**DATA SUPPLIED**
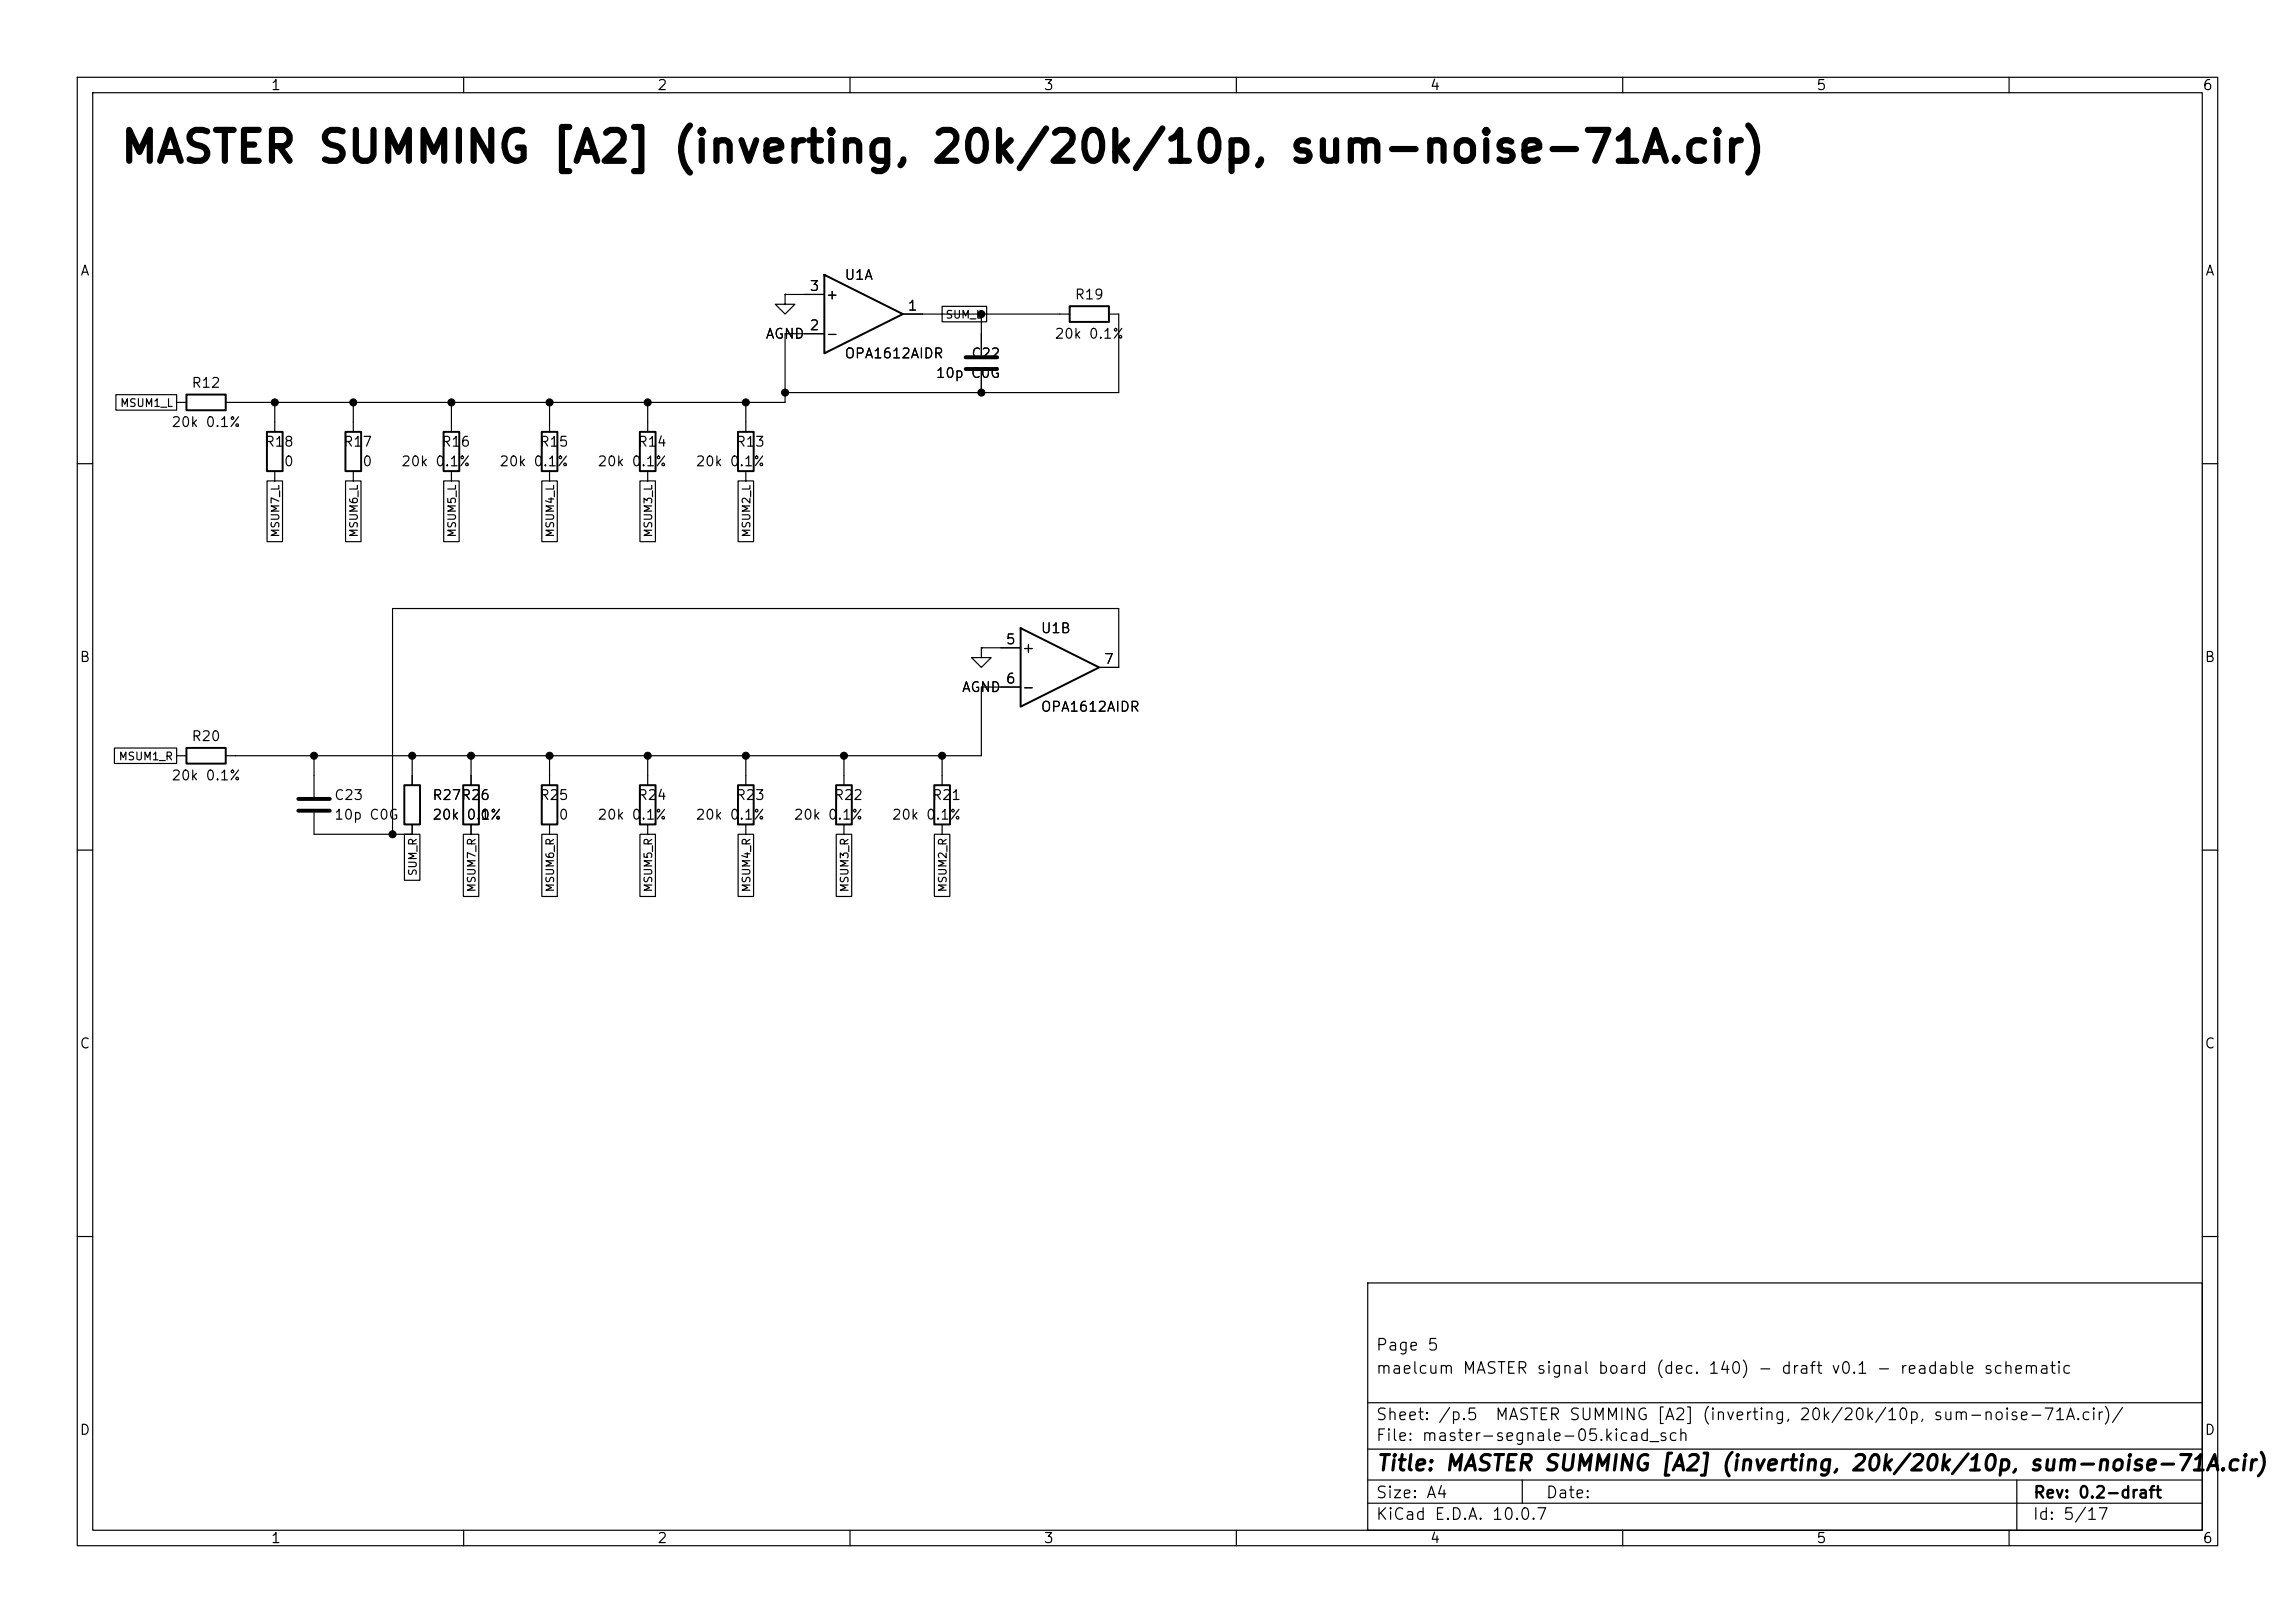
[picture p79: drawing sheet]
<svg xmlns="http://www.w3.org/2000/svg" width="297mm" height="210mm" viewBox="0 0 297 210" stroke-linecap="round" stroke-linejoin="round" font-family="sans-serif">
<defs><g id="words">
<text font-size="4" x="15.4" y="22">MASTER SUMMING [A2] (inverting, 20k/20k/10p, sum-noise-71A.cir)</text>
<text font-size="2" x="178" y="190.8">Title: MASTER SUMMING [A2] (inverting, 20k/20k/10p, sum-noise-71A.cir)</text>
<g font-size="1.5">
<text x="178" y="178.1">maelcum MASTER signal board (dec. 140) - draft v0.1 - readable schematic</text>
<text x="178" y="175.1">Page 5</text>
<text x="178" y="184.1">Sheet: /p.5</text>
<text x="193.4" y="184.1">MASTER SUMMING [A2] (inverting, 20k/20k/10p, sum-noise-71A.cir)/</text>
<text x="178" y="186.8">File: master-segnale-05.kicad_sch</text>
<text x="178" y="197">KiCad E.D.A. 10.0.7</text>
<text x="178" y="194.2">Size: A4</text>
<text x="200" y="194.2">Date:</text>
<text x="263" y="197">Id: 5/17</text>
<text x="263" y="194.2">Rev: 0.2-draft</text>
</g>
<g font-size="1.3">
<text x="35" y="12">1</text>
<text x="85" y="12">2</text>
<text x="135" y="12">3</text>
<text x="185" y="12">4</text>
<text x="235" y="12">5</text>
<text x="285" y="12">6</text>
<text x="10.3" y="36">A</text>
<text x="285.3" y="36">A</text>
<text x="104.7" y="38">3</text>
<text x="106.8" y="39.1">+</text>
<text x="109.2" y="36.5">U1A</text>
<text x="117.4" y="40.5">1</text>
<text x="139" y="39.1">R19</text>
<text x="99" y="44.1">AGND</text>
<text x="104.7" y="43">2</text>
<text x="106.8" y="44.1">-</text>
<text x="109.2" y="46.7">OPA1612AIDR</text>
<text x="125.6" y="46.7">C22</text>
<text x="136.4" y="44.1">20k 0.1%</text>
<text x="24.7" y="50.5">R12</text>
<text x="121" y="49.2">10p C0G</text>
<text x="22.1" y="55.6">20k 0.1%</text>
<text x="34.2" y="58.1">R18</text>
<text x="44.3" y="58.1">R17</text>
<text x="57" y="58.1">R16</text>
<text x="69.7" y="58.1">R15</text>
<text x="82.4" y="58.1">R14</text>
<text x="95.1" y="58.1">R13</text>
<text x="36.7" y="60.7">0</text>
<text x="46.8" y="60.7">0</text>
<text x="51.8" y="60.7">20k 0.1%</text>
<text x="64.5" y="60.7">20k 0.1%</text>
<text x="77.2" y="60.7">20k 0.1%</text>
<text x="89.9" y="60.7">20k 0.1%</text>
<text x="130.1" y="83.7">5</text>
<text x="134.6" y="82.2">U1B</text>
<text x="10.2" y="86">B</text>
<text x="124.4" y="89.9">AGND</text>
<text x="130.1" y="88.8">6</text>
<text x="132.2" y="84.8">+</text>
<text x="132.2" y="89.9">-</text>
<text x="142.8" y="86.2">7</text>
<text x="285.2" y="86">B</text>
<text x="134.6" y="92.4">OPA1612AIDR</text>
<text x="22.1" y="101.3">20k 0.1%</text>
<text x="24.7" y="96.2">R20</text>
<text x="43.2" y="103.8">C23</text>
<text x="43.2" y="106.4">10p C0G</text>
<text x="55.9" y="103.8">R27R26</text>
<text x="55.9" y="106.4">20k</text>
<text x="60.3" y="106.4">0.1%</text>
<text x="62.1" y="106.4">0</text>
<text x="69.7" y="103.8">R25</text>
<text x="72.2" y="106.4">0</text>
<text x="77.2" y="106.4">20k 0.1%</text>
<text x="82.4" y="103.8">R24</text>
<text x="89.9" y="106.4">20k 0.1%</text>
<text x="95.1" y="103.8">R23</text>
<text x="102.6" y="106.4">20k 0.1%</text>
<text x="107.8" y="103.8">R22</text>
<text x="115.3" y="106.4">20k 0.1%</text>
<text x="120.5" y="103.8">R21</text>
<text x="10.2" y="136">C</text>
<text x="285.2" y="136">C</text>
<text x="10.2" y="186">D</text>
<text x="285.2" y="186">D</text>
<text x="35" y="200">1</text>
<text x="85" y="200">2</text>
<text x="135" y="200">3</text>
<text x="185" y="200">4</text>
<text x="235" y="200">5</text>
<text x="285" y="200">6</text>
</g>
<g font-size="1">
<text x="122.3" y="41.5">SUM_L</text>
<text x="15.5" y="52.9">MSUM1_L</text>
<text x="36.4" y="69.6" transform="rotate(-90 36.4 69.6)">MSUM7_L</text>
<text x="46.5" y="69.6" transform="rotate(-90 46.5 69.6)">MSUM6_L</text>
<text x="59.2" y="69.6" transform="rotate(-90 59.2 69.6)">MSUM5_L</text>
<text x="71.9" y="69.6" transform="rotate(-90 71.9 69.6)">MSUM4_L</text>
<text x="84.6" y="69.6" transform="rotate(-90 84.6 69.6)">MSUM3_L</text>
<text x="97.3" y="69.6" transform="rotate(-90 97.3 69.6)">MSUM2_L</text>
<text x="15.3" y="98.6">MSUM1_R</text>
<text x="54.2" y="113.4" transform="rotate(-90 54.2 113.4)">SUM_R</text>
<text x="61.8" y="115.5" transform="rotate(-90 61.8 115.5)">MSUM7_R</text>
<text x="71.9" y="115.5" transform="rotate(-90 71.9 115.5)">MSUM6_R</text>
<text x="84.6" y="115.5" transform="rotate(-90 84.6 115.5)">MSUM5_R</text>
<text x="97.3" y="115.5" transform="rotate(-90 97.3 115.5)">MSUM4_R</text>
<text x="110" y="115.5" transform="rotate(-90 110 115.5)">MSUM3_R</text>
<text x="122.7" y="115.5" transform="rotate(-90 122.7 115.5)">MSUM2_R</text>
</g>
</g></defs>
<g fill="none" stroke="#000" stroke-width=".15">
<path d="M10 10h277v190h-277zM12 12h273v186h-273zM60 10v2M110 10v2M160 10v2M210 10v2M260 10v2M101.6 38.1v1.3h1.3l-1.3 1.2-1.3-1.2h1.3M101.6 38.1h.1M101.6 38.1h5.1M121.9 39.6h5.8v2h-5.8zM15 51.1h7.9v2h-7.9z"/>
<path d="M22.9 52.1h1.2M35.6 52.1v3.8M45.7 52.1v3.8M58.4 52.1v3.8M71.1 52.1v3.8M83.8 52.1v3.8M96.5 52.1v3.8M106.7 43.2h-5.1v8.9h-72.4M116.8 40.6h21.6M127 40.6v5.4M127 48v2.8M143.5 40.6h1.3v10.2h-43.2"/>
<path d="M10 60h2M34.6 62.2h2v7.9h-2zM35.6 61v1.2M44.7 62.2h2v7.9h-2zM45.7 61v1.2M57.4 62.2h2v7.9h-2zM58.4 61v1.2M70.1 62.2h2v7.9h-2zM71.1 61v1.2M82.8 62.2h2v7.9h-2zM83.8 61v1.2M95.5 62.2h2v7.9h-2z"/>
<path d="M96.5 61v1.2M285 60h2M14.8 96.8h8.1v2h-8.1zM22.9 97.8h1.2M40.6 97.8v5.3M53.3 97.8v3.8M61 97.8v3.8M71.1 97.8v3.8M83.8 97.8v3.8M96.5 97.8v3.8M109.2 97.8v3.8M121.9 97.8v3.8"/>
<path d="M127 83.8v1.3h1.3l-1.3 1.3-1.3-1.3h1.3M127 83.8h.1M127 83.8h5.1M132.1 88.9h-5.1v8.9h-97.8M142.2 86.4h2.6v-7.7h-94v29.3M10 110h2M40.6 105.2v2.8h12.7M52.3 108h2v5.9h-2zM53.3 106.7v1.3M60 108h2v8h-2zM61 106.7v1.3M70.1 108h2v8h-2z"/>
<path d="M71.1 106.7v1.3M82.8 108h2v8h-2zM83.8 106.7v1.3M95.5 108h2v8h-2zM96.5 106.7v1.3M108.2 108h2v8h-2zM109.2 106.7v1.3M120.9 108h2v8h-2zM121.9 106.7v1.3M285 110h2M10 160h2M177 166h108v32h-108z"/>
<path d="M285 160h2M60 198v2M110 198v2M160 198v2M177 194.5h108M177 191.5h108M177 187.5h108M177 181.5h108M197 191.5v3M210 198v2M260 198v2M261 191.5v6.5"/>
</g>
<g fill="none" stroke="#000" stroke-width=".25">
<path d="M106.7 35.6l10.1 5-10.1 5.1zM138.4 39.6h5.1v2.1h-5.1zM24.1 51.1h5.1v2h-5.1zM34.5 55.9h2.1v5.1h-2.1zM44.7 55.9h2v5.1h-2zM57.4 55.9h2v5.1h-2zM70.1 55.9h2v5.1h-2zM82.8 55.9h2v5.1h-2zM95.5 55.9h2v5.1h-2zM24.1 96.8h5.1v2h-5.1zM132.1 81.3l10.1 5.1-10.1 5zM52.3 101.6h2.1v5.1h-2.1z"/>
<path d="M59.9 101.6h2.1v5.1h-2.1zM70.1 101.6h2v5.1h-2zM82.8 101.6h2v5.1h-2zM95.5 101.6h2v5.1h-2zM108.2 101.6h2v5.1h-2zM120.9 101.6h2v5.1h-2z"/>
</g>
<path d="M125 47.8h4M125 46.2h4M38.6 103.4h4.1M38.6 104.9h4.1" fill="none" stroke="#000" stroke-width=".51"/>
<g fill="#000" stroke="#000" stroke-width=".13">
<circle cx="35.6" cy="52.1" r=".46"/>
<circle cx="45.7" cy="52.1" r=".46"/>
<circle cx="58.4" cy="52.1" r=".46"/>
<circle cx="71.1" cy="52.1" r=".46"/>
<circle cx="83.8" cy="52.1" r=".46"/>
<circle cx="96.5" cy="52.1" r=".46"/>
<circle cx="101.6" cy="50.8" r=".46"/>
<circle cx="127" cy="40.6" r=".46"/>
<circle cx="127" cy="50.8" r=".46"/>
<circle cx="40.6" cy="97.8" r=".46"/>
<circle cx="53.3" cy="97.8" r=".46"/>
<circle cx="61" cy="97.8" r=".46"/>
<circle cx="71.1" cy="97.8" r=".46"/>
<circle cx="83.8" cy="97.8" r=".46"/>
<circle cx="96.5" cy="97.8" r=".46"/>
<circle cx="109.2" cy="97.8" r=".46"/>
<circle cx="121.9" cy="97.8" r=".46"/>
<circle cx="50.8" cy="108" r=".46"/>
</g>
<use href="#words"/>
</svg>

**EXERCISE GOAL**
When a line in the material contains the string "inverting", copy that line.

**EXPECTED OUTPUT**
<text font-size="4" x="15.4" y="22">MASTER SUMMING [A2] (inverting, 20k/20k/10p, sum-noise-71A.cir)</text>
<text font-size="2" x="178" y="190.8">Title: MASTER SUMMING [A2] (inverting, 20k/20k/10p, sum-noise-71A.cir)</text>
<text x="193.4" y="184.1">MASTER SUMMING [A2] (inverting, 20k/20k/10p, sum-noise-71A.cir)/</text>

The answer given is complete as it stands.